PTK, MAPK, and NOC/oFQ impair hypercapnic cerebrovasodilation after hypoxia/ischemia

This study characterized the contributions of protein tyrosine kinase (PTK) and mitogen-activated protein kinase (MAPK) in nociceptin/orphanin FQ (NOC/oFQ)-induced impairment of hypercapnic pial artery dilation (PAD) after hypoxia/ischemia (H/I) in piglets equipped with a closed cranial window. NOC/oFQ (10(-10) M cerebrospinal fluid H/I concentration) impaired hypercapnic PAD (21 +/- 2% vs. 13 +/- 1%). Coadministration of either of the PTK inhibitors genistein or tyrphostin A23 or the MAPK inhibitors U-0126 or PD-98059 with NOC/oFQ (10(-10) M) partially prevented the inhibition of hypercapnic PAD compared with that observed in their absence (21 +/- 2% vs. 17 +/- 1% for genistein).
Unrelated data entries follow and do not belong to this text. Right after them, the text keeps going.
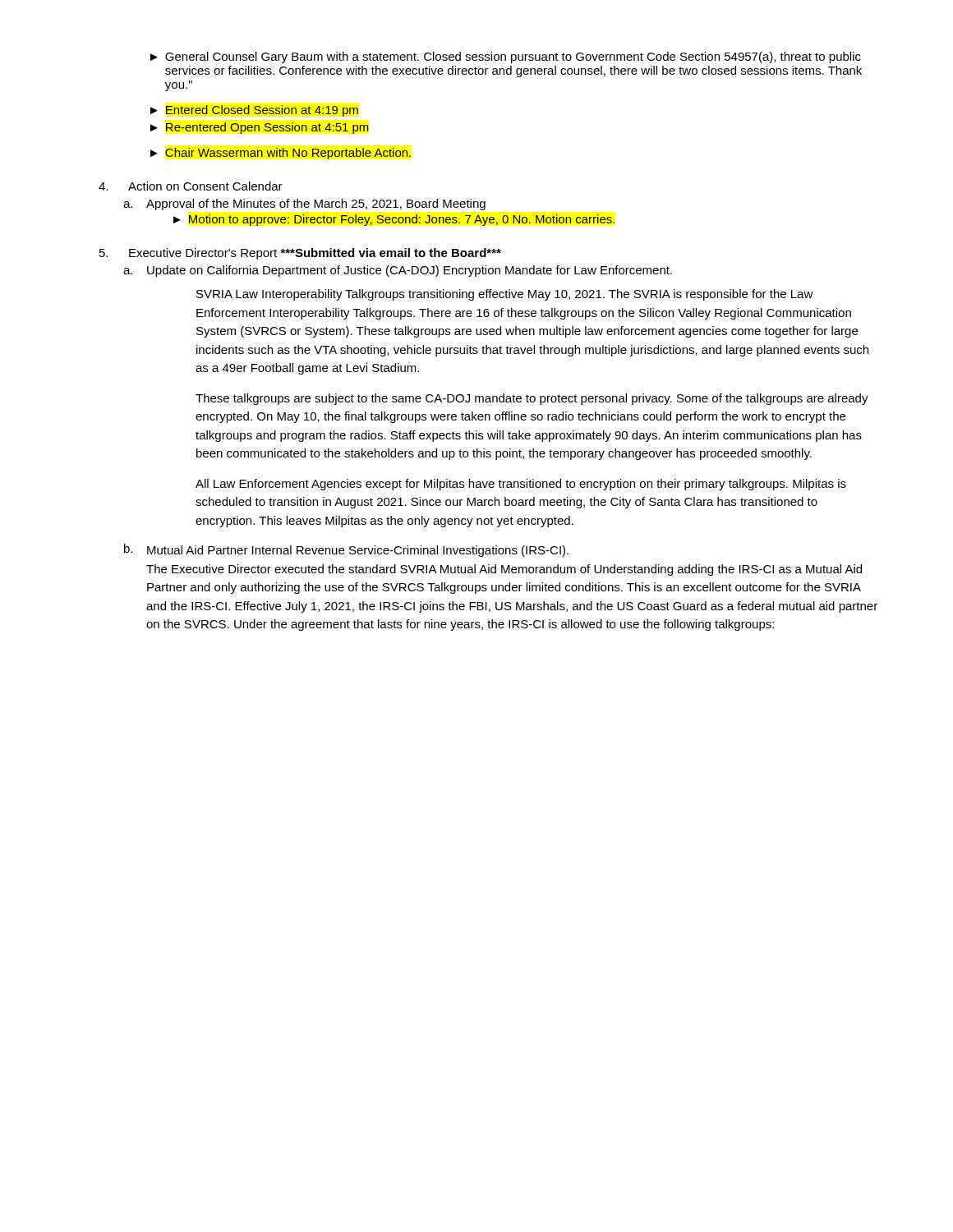Navigate to the text starting "► Entered Closed Session at"
The width and height of the screenshot is (953, 1232).
click(254, 111)
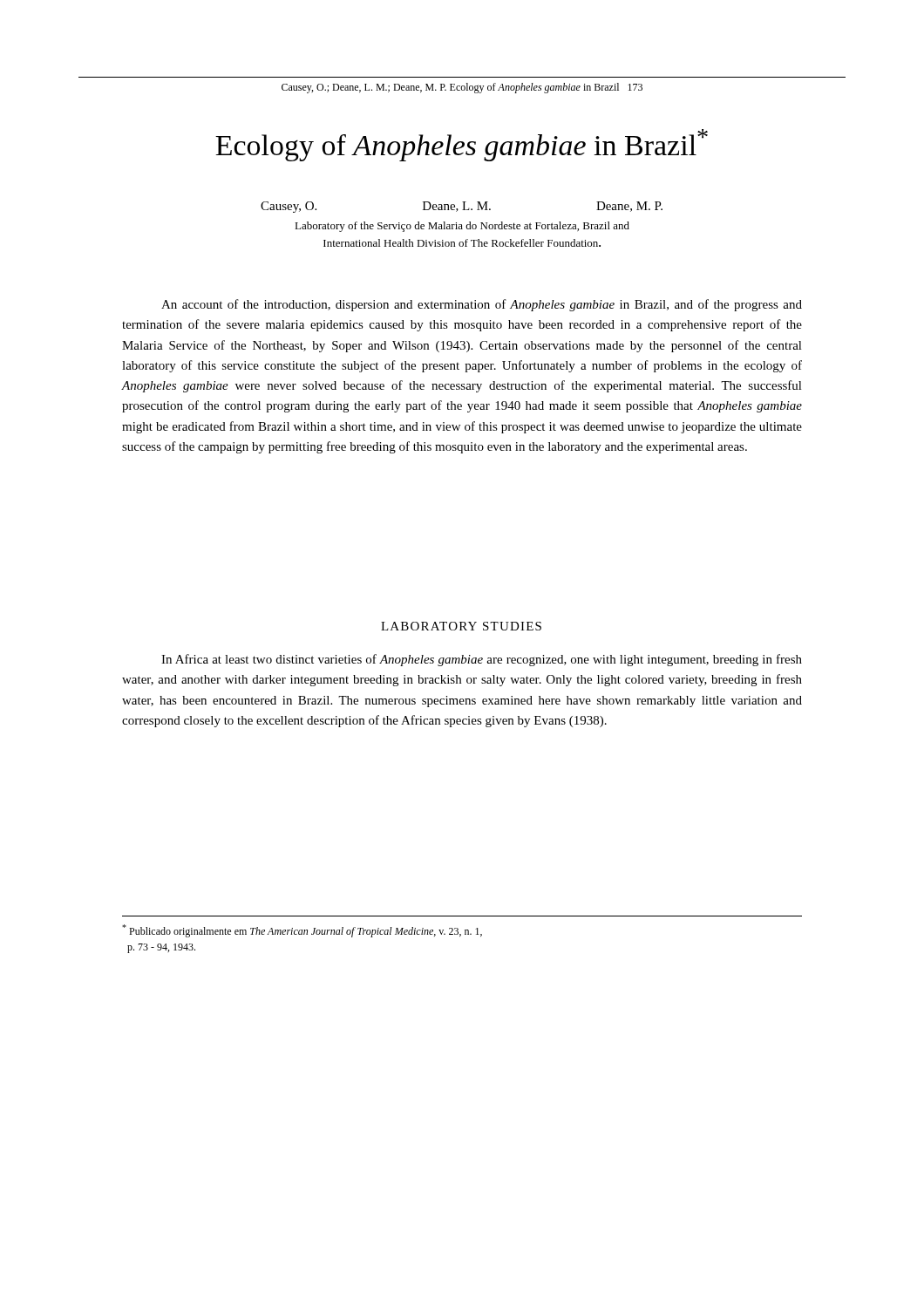Point to "Ecology of Anopheles gambiae in Brazil*"
924x1308 pixels.
pos(462,143)
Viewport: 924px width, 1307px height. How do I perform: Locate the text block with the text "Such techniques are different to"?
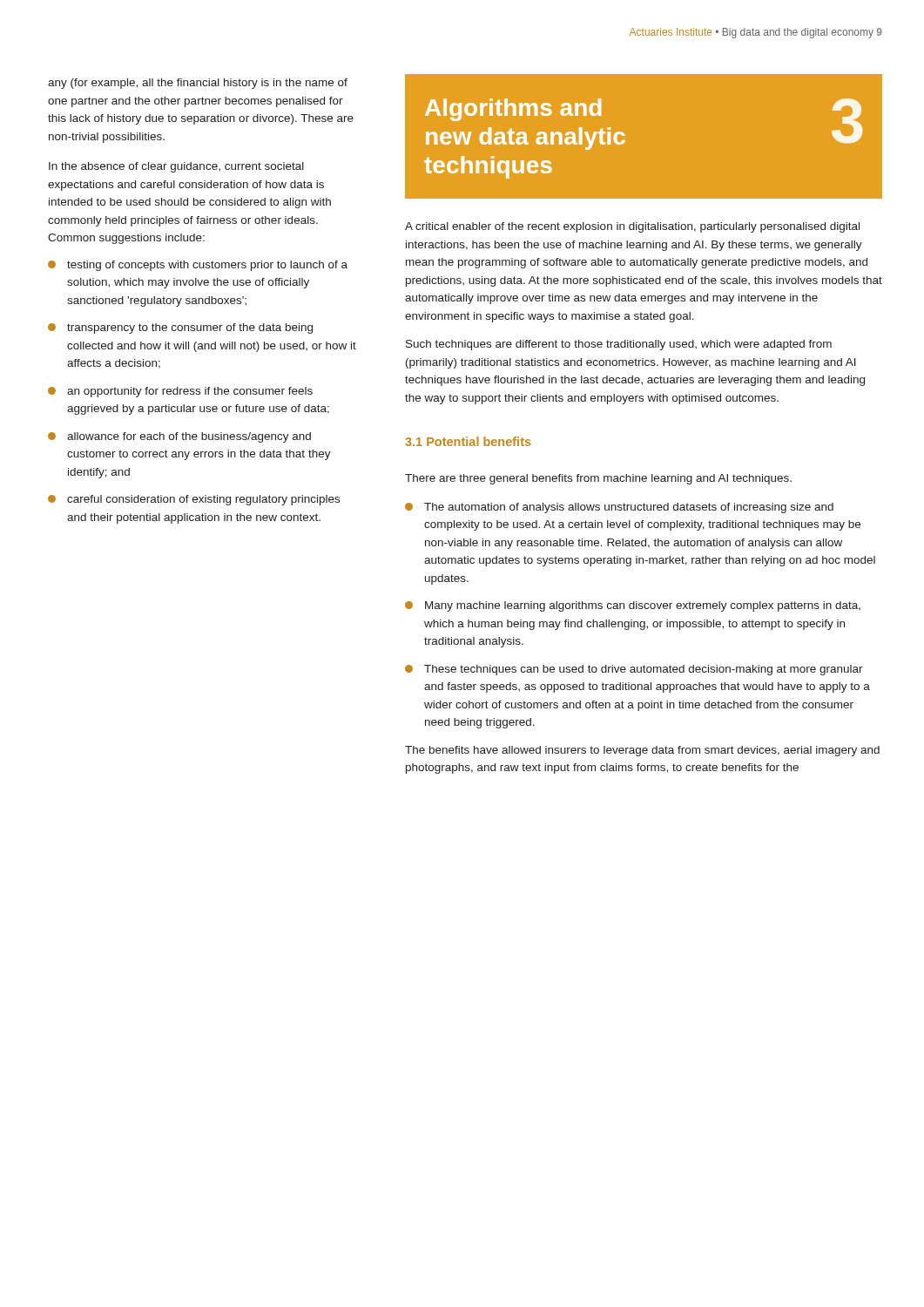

After exposure to H/I, PAD in response to hypercapnia was impaired, but pretreatment with either genistein, tyrphostin A23, U-0126, or PD-98059 partially protected such impairment (17 +/- 1% vs. 4 +/- 1% vs. 9 +/- 1% for sham control, H/I, and H/I + genistein pretreatment, respectively). These data show that PTK and MAPK activation contribute to NOC/oFQ-induced impairment of hypercapnic PAD. These data suggest that activation of PTK and MAPK is also involved in the mechanism by which NOC/oFQ impairs hypercapnic PAD after H/I.